A ladder is leaning against a house. The distance between the base of the ladder to the house is 3 feet. The length of the ladder is 10 feet. In feet, how far above the ground does the ladder touch the house?
4.2
9.5
10.4
14.1
a^2 + b^2 = c^2
2^2 + b^2 = 10^2
4 + b^2 = 100
b^2 = 96
b = 9.8 feet
To find out how far above the ground the ladder touches the house, we need to use the Pythagorean theorem. The Pythagorean theorem states that in a right triangle, the square of the length of the hypotenuse (the side opposite the right angle) is equal to the sum of the squares of the other two sides.
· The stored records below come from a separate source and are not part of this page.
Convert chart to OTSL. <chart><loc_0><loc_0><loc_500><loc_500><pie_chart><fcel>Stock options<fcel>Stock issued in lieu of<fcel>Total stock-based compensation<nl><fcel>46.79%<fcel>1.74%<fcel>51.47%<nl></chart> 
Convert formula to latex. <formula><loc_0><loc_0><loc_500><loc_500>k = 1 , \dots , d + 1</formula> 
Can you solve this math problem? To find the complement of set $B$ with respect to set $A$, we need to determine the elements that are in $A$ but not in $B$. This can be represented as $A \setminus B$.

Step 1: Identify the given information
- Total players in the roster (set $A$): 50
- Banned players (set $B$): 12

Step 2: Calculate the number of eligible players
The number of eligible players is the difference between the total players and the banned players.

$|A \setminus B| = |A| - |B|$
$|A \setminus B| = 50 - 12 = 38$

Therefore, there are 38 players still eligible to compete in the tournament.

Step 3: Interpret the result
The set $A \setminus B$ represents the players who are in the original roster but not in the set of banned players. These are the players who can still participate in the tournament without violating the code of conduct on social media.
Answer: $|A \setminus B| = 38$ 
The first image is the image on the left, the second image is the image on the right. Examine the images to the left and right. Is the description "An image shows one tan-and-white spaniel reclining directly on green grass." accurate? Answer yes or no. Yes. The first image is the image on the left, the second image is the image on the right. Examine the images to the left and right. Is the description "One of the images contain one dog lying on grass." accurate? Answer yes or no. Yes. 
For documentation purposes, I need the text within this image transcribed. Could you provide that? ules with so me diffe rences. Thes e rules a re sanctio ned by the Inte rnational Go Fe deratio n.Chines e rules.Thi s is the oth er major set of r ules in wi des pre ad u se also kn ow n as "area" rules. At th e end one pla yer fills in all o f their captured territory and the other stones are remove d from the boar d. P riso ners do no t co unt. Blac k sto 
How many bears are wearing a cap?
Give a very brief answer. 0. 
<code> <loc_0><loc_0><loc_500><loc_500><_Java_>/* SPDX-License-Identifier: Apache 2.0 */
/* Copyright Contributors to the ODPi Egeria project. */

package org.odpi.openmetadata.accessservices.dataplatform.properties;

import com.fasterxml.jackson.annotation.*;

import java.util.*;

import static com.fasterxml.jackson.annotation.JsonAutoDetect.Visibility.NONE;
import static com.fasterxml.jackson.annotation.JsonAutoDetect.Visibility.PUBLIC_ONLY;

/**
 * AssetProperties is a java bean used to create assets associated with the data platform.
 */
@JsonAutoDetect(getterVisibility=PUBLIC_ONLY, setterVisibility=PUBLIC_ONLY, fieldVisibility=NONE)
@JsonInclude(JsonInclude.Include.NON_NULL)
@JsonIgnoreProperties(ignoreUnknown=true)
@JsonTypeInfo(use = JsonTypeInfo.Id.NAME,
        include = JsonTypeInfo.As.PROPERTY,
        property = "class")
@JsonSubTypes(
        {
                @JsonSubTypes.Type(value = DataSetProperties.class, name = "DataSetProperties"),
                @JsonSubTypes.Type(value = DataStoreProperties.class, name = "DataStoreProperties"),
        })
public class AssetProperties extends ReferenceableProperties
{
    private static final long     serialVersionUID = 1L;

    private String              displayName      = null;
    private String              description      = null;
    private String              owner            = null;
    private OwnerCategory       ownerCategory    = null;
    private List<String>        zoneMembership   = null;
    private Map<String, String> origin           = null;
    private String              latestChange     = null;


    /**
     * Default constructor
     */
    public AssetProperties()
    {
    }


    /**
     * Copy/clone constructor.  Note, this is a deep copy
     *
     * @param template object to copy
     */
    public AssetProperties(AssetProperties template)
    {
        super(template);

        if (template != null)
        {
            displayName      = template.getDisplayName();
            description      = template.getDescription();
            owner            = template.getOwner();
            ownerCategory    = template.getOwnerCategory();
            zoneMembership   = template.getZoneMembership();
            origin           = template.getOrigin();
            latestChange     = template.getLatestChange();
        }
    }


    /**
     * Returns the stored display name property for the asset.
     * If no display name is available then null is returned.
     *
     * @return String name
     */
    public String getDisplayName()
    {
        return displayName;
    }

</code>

In this case, the ladder represents the hypotenuse, and the distance between the base of the ladder and the house represents one of the other sides.
Using the Pythagorean theorem, we can calculate the length of the third side (the height of the ladder above the ground) as follows:
Length of the third side^2 = Length of the ladder^2 - Distance between the base and the house^2
Length of the third side^2 = 10^2 - 3^2 = 100 - 9 = 91
Taking the square root of both sides, we find:
Length of the third side = √91 ≈ 9.54.
Therefore, the ladder touches the house at a height of approximately 9.54 feet above the ground.
None of the provided options exactly match the calculated value, but the option closest to 9.54 feet is 9.5.